Data entries:
━━━━━━

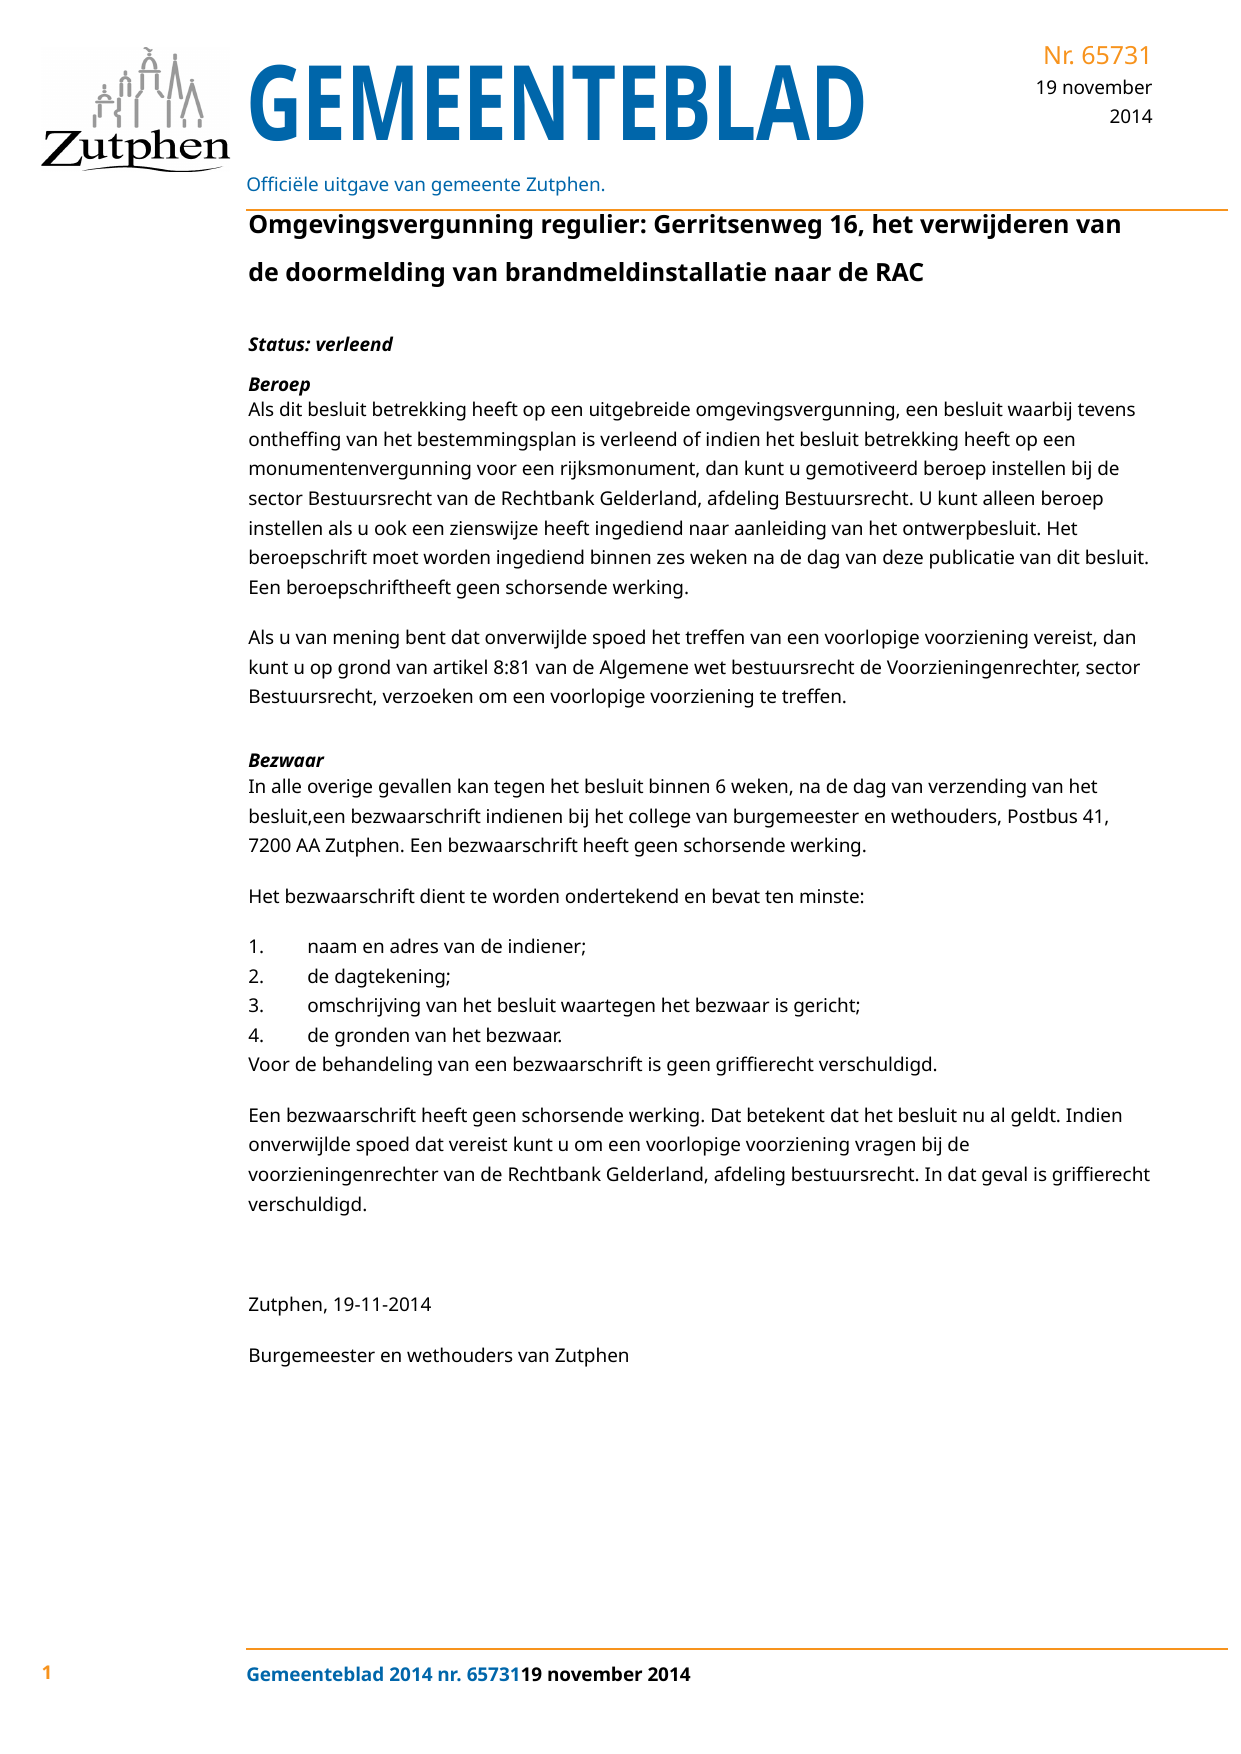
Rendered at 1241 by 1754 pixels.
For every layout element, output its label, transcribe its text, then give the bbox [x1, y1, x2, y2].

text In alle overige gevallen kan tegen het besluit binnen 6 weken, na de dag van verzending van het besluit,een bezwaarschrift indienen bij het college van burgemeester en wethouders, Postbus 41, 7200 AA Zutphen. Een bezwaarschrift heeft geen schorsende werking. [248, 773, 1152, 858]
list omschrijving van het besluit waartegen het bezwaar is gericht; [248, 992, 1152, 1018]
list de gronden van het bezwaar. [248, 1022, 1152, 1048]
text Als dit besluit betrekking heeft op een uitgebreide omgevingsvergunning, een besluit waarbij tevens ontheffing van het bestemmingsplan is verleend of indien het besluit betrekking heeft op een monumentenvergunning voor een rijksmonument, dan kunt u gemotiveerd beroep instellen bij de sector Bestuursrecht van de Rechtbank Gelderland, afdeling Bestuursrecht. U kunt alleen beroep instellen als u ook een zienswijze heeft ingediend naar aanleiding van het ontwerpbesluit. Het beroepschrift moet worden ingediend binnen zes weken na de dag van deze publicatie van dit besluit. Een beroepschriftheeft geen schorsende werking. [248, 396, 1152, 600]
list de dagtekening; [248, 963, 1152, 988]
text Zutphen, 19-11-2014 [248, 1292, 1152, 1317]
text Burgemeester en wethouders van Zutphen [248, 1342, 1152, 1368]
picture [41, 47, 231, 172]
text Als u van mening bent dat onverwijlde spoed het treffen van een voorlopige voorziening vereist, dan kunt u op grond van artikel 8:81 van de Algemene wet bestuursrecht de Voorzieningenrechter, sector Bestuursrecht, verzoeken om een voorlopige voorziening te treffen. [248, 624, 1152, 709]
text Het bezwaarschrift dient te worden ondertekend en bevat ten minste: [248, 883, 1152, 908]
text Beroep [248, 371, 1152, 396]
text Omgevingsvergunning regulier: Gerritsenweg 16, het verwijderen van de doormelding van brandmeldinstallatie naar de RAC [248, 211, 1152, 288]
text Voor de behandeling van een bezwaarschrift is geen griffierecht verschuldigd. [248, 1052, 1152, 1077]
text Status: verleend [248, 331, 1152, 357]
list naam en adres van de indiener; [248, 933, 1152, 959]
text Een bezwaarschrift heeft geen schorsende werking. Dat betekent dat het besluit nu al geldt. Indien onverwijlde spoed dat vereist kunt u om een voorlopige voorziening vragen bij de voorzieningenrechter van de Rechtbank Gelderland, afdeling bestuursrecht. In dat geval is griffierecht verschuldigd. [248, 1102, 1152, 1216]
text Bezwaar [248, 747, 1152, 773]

━━━━━━

▸ **Exercise**:
Start at the line containing "text Omgevingsvergunning regulier: Gerritsenweg". Repeat it and each line after it, word for word, to the end of the records.

▸ **Final answer**:
text Omgevingsvergunning regulier: Gerritsenweg 16, het verwijderen van de doormelding van brandmeldinstallatie naar de RAC [248, 211, 1152, 288]
text Voor de behandeling van een bezwaarschrift is geen griffierecht verschuldigd. [248, 1052, 1152, 1077]
text Status: verleend [248, 331, 1152, 357]
list naam en adres van de indiener; [248, 933, 1152, 959]
text Een bezwaarschrift heeft geen schorsende werking. Dat betekent dat het besluit nu al geldt. Indien onverwijlde spoed dat vereist kunt u om een voorlopige voorziening vragen bij de voorzieningenrechter van de Rechtbank Gelderland, afdeling bestuursrecht. In dat geval is griffierecht verschuldigd. [248, 1102, 1152, 1216]
text Bezwaar [248, 747, 1152, 773]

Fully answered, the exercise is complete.